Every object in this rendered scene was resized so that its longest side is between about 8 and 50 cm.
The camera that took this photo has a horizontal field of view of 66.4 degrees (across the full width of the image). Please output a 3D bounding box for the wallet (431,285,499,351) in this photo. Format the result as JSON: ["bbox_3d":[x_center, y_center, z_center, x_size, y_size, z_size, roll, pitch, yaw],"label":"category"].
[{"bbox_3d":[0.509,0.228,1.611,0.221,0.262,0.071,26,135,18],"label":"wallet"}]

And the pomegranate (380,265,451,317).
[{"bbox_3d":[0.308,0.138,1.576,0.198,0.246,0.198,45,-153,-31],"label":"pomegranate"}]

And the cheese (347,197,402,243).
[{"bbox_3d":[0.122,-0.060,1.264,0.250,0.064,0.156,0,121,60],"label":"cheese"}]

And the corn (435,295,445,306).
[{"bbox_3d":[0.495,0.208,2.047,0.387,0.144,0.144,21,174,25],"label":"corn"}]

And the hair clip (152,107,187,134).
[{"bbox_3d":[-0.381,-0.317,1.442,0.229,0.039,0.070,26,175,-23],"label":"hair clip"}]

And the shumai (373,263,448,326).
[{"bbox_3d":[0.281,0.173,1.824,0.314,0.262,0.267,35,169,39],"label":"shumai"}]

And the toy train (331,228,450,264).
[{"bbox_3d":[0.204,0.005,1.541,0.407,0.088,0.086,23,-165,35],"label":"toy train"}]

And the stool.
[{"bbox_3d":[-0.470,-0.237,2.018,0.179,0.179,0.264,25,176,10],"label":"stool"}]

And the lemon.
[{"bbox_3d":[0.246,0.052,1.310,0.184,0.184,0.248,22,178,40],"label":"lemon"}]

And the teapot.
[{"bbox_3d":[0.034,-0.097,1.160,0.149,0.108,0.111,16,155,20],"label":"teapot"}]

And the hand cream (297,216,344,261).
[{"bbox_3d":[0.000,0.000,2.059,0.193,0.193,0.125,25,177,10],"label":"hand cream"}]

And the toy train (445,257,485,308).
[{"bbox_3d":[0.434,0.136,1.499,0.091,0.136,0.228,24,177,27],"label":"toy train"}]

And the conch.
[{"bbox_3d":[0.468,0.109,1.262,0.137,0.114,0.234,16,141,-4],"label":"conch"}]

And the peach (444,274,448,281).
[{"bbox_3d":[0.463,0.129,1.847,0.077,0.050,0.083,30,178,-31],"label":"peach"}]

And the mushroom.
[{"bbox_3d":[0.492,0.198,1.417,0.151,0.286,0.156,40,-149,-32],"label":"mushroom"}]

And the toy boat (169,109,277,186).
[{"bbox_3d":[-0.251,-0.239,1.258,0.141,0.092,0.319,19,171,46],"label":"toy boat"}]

☆ ☆ ☆

Exercise: Output the records once more, exactly as they stand.

Exercise result:
Every object in this rendered scene was resized so that its longest side is between about 8 and 50 cm.
The camera that took this photo has a horizontal field of view of 66.4 degrees (across the full width of the image). Please output a 3D bounding box for the wallet (431,285,499,351) in this photo. Format the result as JSON: ["bbox_3d":[x_center, y_center, z_center, x_size, y_size, z_size, roll, pitch, yaw],"label":"category"].
[{"bbox_3d":[0.509,0.228,1.611,0.221,0.262,0.071,26,135,18],"label":"wallet"}]

And the pomegranate (380,265,451,317).
[{"bbox_3d":[0.308,0.138,1.576,0.198,0.246,0.198,45,-153,-31],"label":"pomegranate"}]

And the cheese (347,197,402,243).
[{"bbox_3d":[0.122,-0.060,1.264,0.250,0.064,0.156,0,121,60],"label":"cheese"}]

And the corn (435,295,445,306).
[{"bbox_3d":[0.495,0.208,2.047,0.387,0.144,0.144,21,174,25],"label":"corn"}]

And the hair clip (152,107,187,134).
[{"bbox_3d":[-0.381,-0.317,1.442,0.229,0.039,0.070,26,175,-23],"label":"hair clip"}]

And the shumai (373,263,448,326).
[{"bbox_3d":[0.281,0.173,1.824,0.314,0.262,0.267,35,169,39],"label":"shumai"}]

And the toy train (331,228,450,264).
[{"bbox_3d":[0.204,0.005,1.541,0.407,0.088,0.086,23,-165,35],"label":"toy train"}]

And the stool.
[{"bbox_3d":[-0.470,-0.237,2.018,0.179,0.179,0.264,25,176,10],"label":"stool"}]

And the lemon.
[{"bbox_3d":[0.246,0.052,1.310,0.184,0.184,0.248,22,178,40],"label":"lemon"}]

And the teapot.
[{"bbox_3d":[0.034,-0.097,1.160,0.149,0.108,0.111,16,155,20],"label":"teapot"}]

And the hand cream (297,216,344,261).
[{"bbox_3d":[0.000,0.000,2.059,0.193,0.193,0.125,25,177,10],"label":"hand cream"}]

And the toy train (445,257,485,308).
[{"bbox_3d":[0.434,0.136,1.499,0.091,0.136,0.228,24,177,27],"label":"toy train"}]

And the conch.
[{"bbox_3d":[0.468,0.109,1.262,0.137,0.114,0.234,16,141,-4],"label":"conch"}]

And the peach (444,274,448,281).
[{"bbox_3d":[0.463,0.129,1.847,0.077,0.050,0.083,30,178,-31],"label":"peach"}]

And the mushroom.
[{"bbox_3d":[0.492,0.198,1.417,0.151,0.286,0.156,40,-149,-32],"label":"mushroom"}]

And the toy boat (169,109,277,186).
[{"bbox_3d":[-0.251,-0.239,1.258,0.141,0.092,0.319,19,171,46],"label":"toy boat"}]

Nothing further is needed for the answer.